According to Goble, even when migrant workers from Central Asia or the Caucasus lose their jobs in sectors hit by the economic crisis, they can often find work, albeit at lower pay, in other sectors more successfully than ethnic Russians can. As a result, Goble suggested, relatively few turn to crime.
On the other hand, “many ethnic Russians are only too eager to believe that most migrants are potential criminals,” Goble averred, “and some Russians reportedly are buying guns in order to be in a position to defend themselves against a migrant onslaught.” Goble forecast “a potentially explosive situation at some point in the future, especially in cities like Moscow where there are sizeable and easily identifiable migrant groups and where many Russians who have lost or are at risk of losing their jobs are all too ready to blame others, including migrants, for their own woes.”
3. PROSECUTION RATE LAGS BEHIND HATE CRIMES. “Criminal prosecution rates trail significantly behind the rates of hate crimes,” said director Alexander Verkhovsky of the recently renamed Sova Center for Information and Analysis at a panel discussion at the U.S. Commission on International Religious Freedom (USCIRF) on November 19 in Washington.

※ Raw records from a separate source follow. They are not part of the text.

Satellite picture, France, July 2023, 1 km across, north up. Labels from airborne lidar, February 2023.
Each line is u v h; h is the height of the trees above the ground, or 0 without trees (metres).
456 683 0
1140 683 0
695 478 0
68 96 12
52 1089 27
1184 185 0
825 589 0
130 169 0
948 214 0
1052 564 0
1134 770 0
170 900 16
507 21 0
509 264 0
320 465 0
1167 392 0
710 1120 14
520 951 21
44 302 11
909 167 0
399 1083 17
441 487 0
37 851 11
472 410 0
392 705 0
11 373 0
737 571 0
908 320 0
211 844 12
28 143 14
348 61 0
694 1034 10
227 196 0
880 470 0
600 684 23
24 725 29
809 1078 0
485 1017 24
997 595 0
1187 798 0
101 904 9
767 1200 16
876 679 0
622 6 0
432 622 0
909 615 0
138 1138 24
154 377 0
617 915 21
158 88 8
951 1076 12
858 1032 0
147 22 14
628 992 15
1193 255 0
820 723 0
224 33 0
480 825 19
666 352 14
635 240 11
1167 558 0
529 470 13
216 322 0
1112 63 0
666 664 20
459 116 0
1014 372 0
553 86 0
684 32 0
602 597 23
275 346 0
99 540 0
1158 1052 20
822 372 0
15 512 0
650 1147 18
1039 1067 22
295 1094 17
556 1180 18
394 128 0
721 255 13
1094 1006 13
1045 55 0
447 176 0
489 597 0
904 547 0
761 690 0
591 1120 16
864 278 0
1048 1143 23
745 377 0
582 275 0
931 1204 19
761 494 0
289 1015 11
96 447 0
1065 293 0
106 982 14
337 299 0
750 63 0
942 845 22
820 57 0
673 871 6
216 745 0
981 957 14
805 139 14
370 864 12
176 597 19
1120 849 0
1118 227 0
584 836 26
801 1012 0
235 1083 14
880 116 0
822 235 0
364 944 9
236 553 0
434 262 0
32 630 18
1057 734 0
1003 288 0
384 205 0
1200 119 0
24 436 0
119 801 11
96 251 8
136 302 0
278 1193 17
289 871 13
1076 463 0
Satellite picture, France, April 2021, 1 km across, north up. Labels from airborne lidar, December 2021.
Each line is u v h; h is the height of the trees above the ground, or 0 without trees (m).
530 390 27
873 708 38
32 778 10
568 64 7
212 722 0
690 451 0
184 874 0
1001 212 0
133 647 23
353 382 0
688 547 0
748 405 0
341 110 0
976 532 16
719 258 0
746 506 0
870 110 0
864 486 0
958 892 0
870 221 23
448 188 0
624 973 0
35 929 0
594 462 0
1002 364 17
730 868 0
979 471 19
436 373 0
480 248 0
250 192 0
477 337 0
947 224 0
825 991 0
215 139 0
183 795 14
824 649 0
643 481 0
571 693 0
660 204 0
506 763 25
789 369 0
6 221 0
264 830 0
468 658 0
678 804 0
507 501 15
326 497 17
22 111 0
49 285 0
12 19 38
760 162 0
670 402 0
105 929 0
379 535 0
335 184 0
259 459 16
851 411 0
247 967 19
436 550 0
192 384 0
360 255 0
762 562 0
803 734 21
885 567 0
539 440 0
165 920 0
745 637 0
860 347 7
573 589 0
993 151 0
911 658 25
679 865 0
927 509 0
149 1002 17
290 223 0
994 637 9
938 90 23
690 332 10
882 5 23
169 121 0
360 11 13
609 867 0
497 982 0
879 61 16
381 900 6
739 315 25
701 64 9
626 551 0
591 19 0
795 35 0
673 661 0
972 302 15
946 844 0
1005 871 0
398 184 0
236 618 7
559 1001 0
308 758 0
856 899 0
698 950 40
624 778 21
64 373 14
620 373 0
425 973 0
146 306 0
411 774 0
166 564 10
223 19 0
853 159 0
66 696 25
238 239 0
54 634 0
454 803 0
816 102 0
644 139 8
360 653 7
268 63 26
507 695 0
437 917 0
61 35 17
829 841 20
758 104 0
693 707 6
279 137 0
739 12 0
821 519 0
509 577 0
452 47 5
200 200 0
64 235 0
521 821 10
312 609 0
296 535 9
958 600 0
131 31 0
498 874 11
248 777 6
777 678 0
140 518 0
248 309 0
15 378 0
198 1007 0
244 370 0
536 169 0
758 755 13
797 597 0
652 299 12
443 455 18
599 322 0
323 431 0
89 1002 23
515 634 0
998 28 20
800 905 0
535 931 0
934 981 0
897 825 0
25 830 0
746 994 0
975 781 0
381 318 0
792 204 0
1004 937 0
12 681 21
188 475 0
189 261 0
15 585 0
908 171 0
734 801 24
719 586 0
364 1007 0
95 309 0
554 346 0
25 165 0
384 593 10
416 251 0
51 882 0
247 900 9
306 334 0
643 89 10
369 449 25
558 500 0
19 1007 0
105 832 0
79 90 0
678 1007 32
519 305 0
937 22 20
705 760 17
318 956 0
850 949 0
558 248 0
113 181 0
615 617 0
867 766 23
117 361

Convictions occur in fewer than 10% of the cases Sova has been able to document. “Since the actual incidence of hate crimes is likely far higher (whereas the information on convictions is more readily available and likely more accurate), it is likely that the actual rate of convictions is much lower,” he said. “Thus, though the number of racist attacks has increased by at least 15% per year since 2004, there were only 23 convictions reported in 2007, down from 33 in 2006.”
Verkhovsky pointed out that youth movements such as the Young Guard and Locals are adopting anti-immigrant rhetoric and that “groups with coordinators who have good standing with the authorities are allowed to march.” As for the authorities, “they just imitate the fight against extremism--as usual, they are fighting against statistics.” He predicted that the “overall level of nationalist mobilization will increase.” But as a professional researcher relying on numbers, Verkhovsky cautioned that it is too early to tell how the current economic crisis will affect hate crimes.
4. KASPAROV: PUTIN & MEDVEDEV OUT BY 2012. On November 18, opposition leader Garry Kasparov told Reuters that by 2012, rising unemployment and economic crisis will force out Prime Minister Vladimir Putin and President Dmitry Medvedev. "This structure will collapse," said the former presidential candidate and world chess champion. "In America and the U.K., governments are trying to solve the problems of the poor at the expense of the rich. In Russia it is the other way round. So in Russia, the oligarchs are being saved ... and the businesses of Putin's friends are being saved, at the expense of Russian taxpayers."